A Deusa do Mal (Born to Be Bad) 1950

Christabel (Joan Fontaine) engana toda a gente graças ao seu doce exterior, incluindo a prima Donna, e o seu noivo Curtis. O único que consegue ver através da sua fachada é Nick (Robert Ryan), um escritor robusto que a ama, mesmo assim. Christabel também gosta de Nick, mas gosta mais do dinheiro de Curtis. Depois de convencer Curtis gosta dele apenas pelo dinheiro, consegue convencê-lo a casar com ela. 
Baseado no livro "All Kneeling" de Anne Parish, como muitos outros filmes feitos na RKO durante o regime caótico de Howard Hughes, "Born to be Bad" tinha uma história longa e complicada, cheia de sexo, intriga e traição, como se gostava naquela altura em Hollywood.
Joan Fontaine tinha comprado os direitos do livro, e vendeu-os para a RKO. O filme tinha sido programado para entrar em produção em 1946, mas tinha sido colocado em espera duas vezes, depois de passar pelas mãos de sete argumentistas diferentes, até começar a produção em 1949. Foi durante este período que Hughes acabou por adquirir a RKO.

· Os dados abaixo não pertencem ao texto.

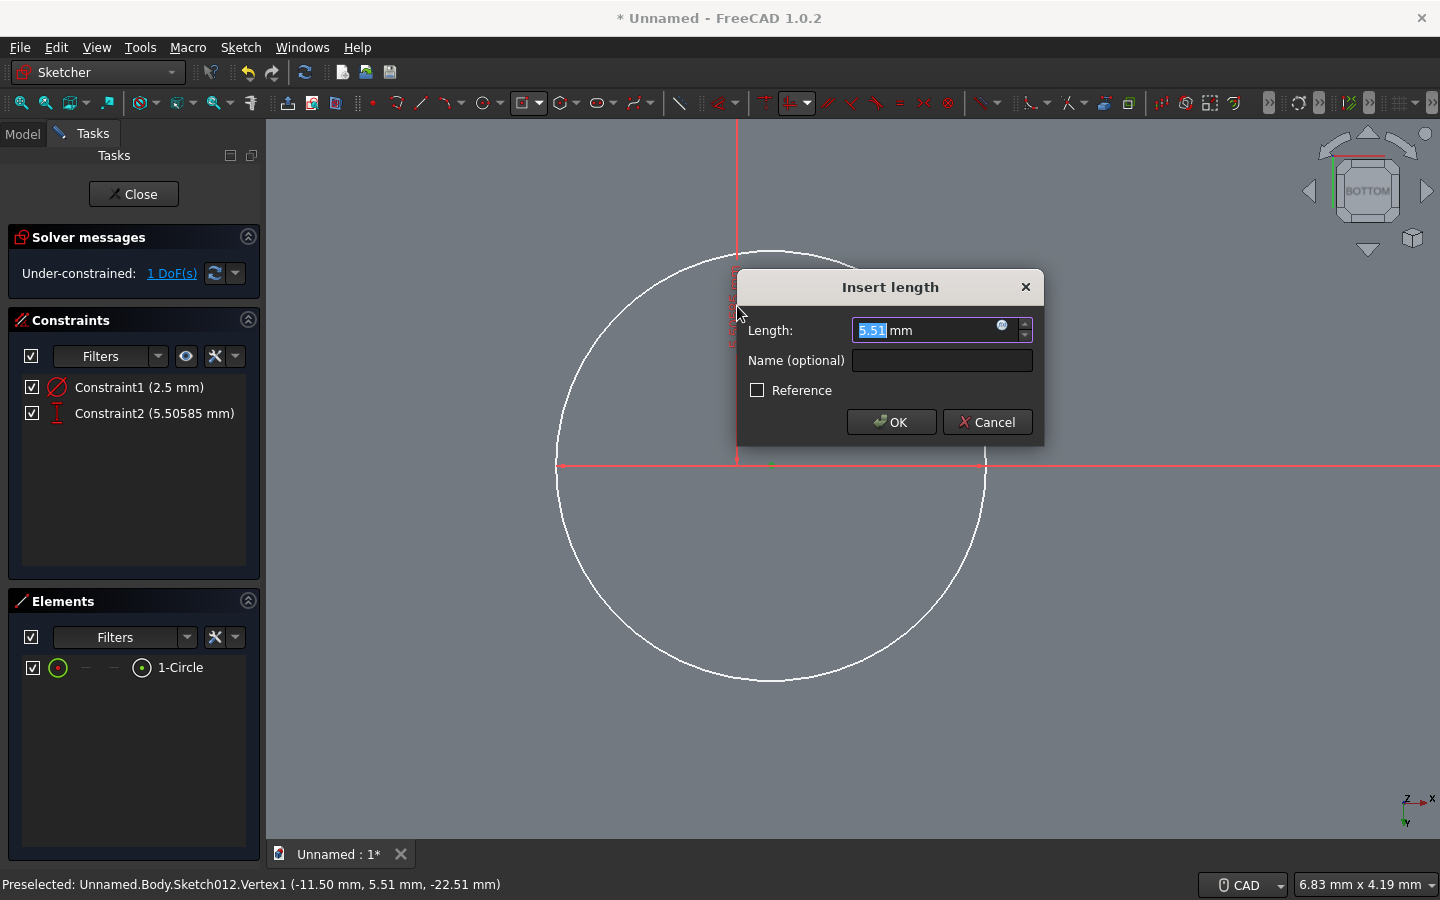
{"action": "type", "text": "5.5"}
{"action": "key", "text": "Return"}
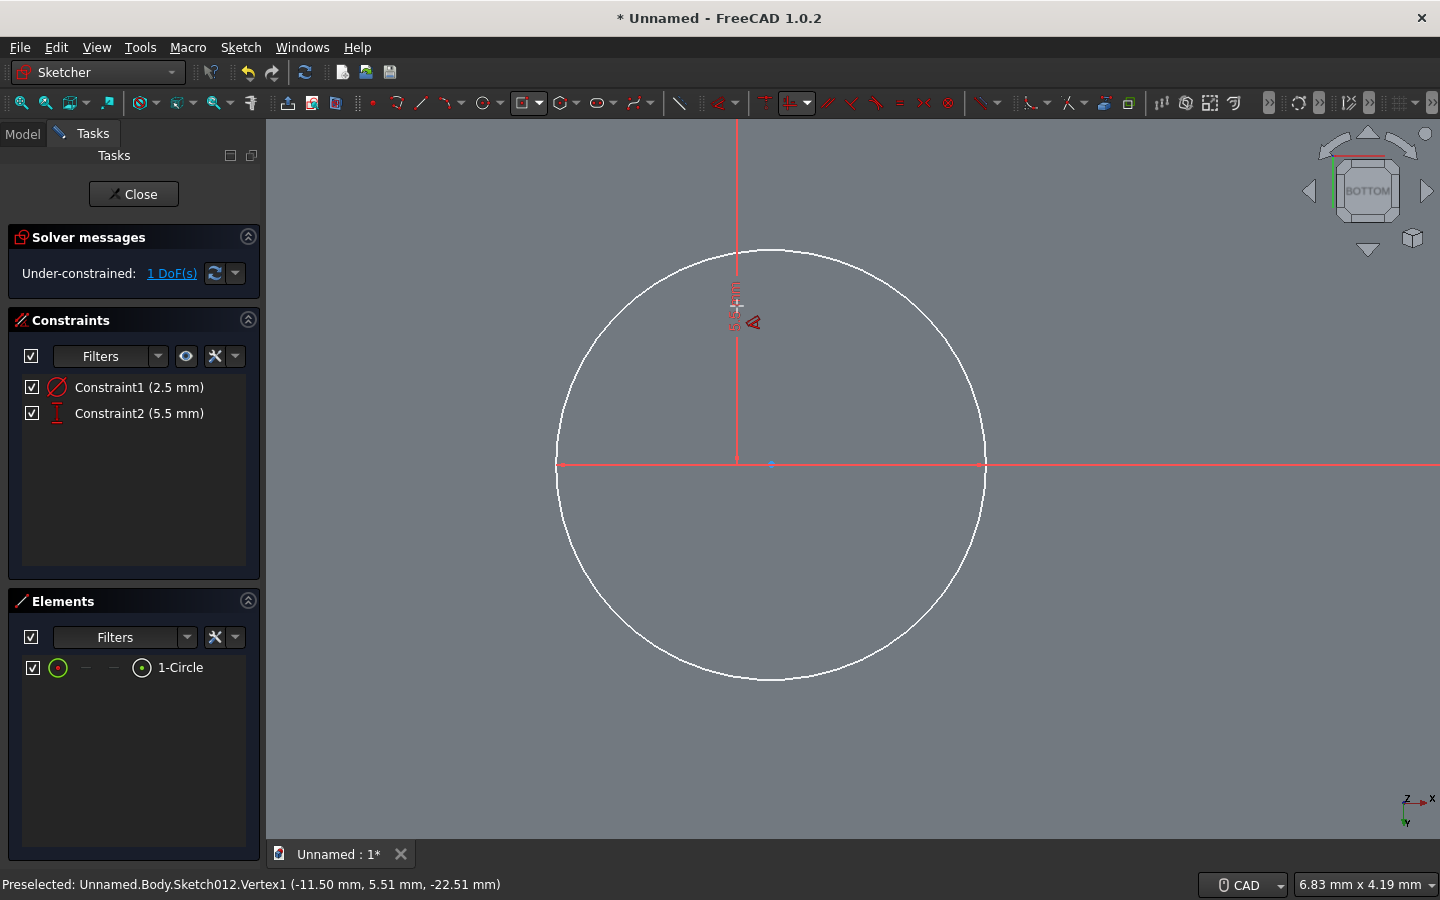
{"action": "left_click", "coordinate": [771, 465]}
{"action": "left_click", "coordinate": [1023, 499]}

"Born to be Bad" era o quarto filme de Nicholas Ray. Nas obras anteriores ele já tinha demonstrado um estilo visual impressionantemente original, e uma capacidade para transmitir uma intensidade emocional, mesmo quando se trabalha com o material mais banal. Uma sequência no inicio é um exercício em bravura e estilo, introduz-nos aos principais personagens e prepara-nos para uma festa em casa da personagem de Joan Leslie. O movimento brilhantemente coreografado e iluminado pelo corredor do apartamento, com muitas portas a conduzirem-nos para fora dele, fornece-nos uma metáfora visual para o relacionamento das personagens. O trabalho do director de fotografia Nicholas Musuraca, que já vinha a trabalhar em filmes desde a década de 20 e cujo trabalho em "Out of the Past" ajudou a redefinir o film noir, é impressionante nesta sequência.
Como já era típico na obra de Ray, este tentava tornar agonizante cada cena, enquanto o produtor Robert Sparks tentava fazer apenas um melodrama romântico. Depois do filme estar terminado, Howard Hughes, como era habitual, e como dono do estúdio, resolveu meter o dedo. Ordenou que algumas cenas fossem refilmadas com outros realizadores, e mudou o final. Ray pediu o direito à montagem final, mas este foi negado. A desculpa é que o final que Ray pretendia não passava nos censores, e quando o filme foi lançado foi criticado como apenas mais uma "soap opera". Com o passar dos anos, e com o culto de Nicholas Ray a crescer, o filme foi re-avaliado, e hoje é considerado uma obra muito maior.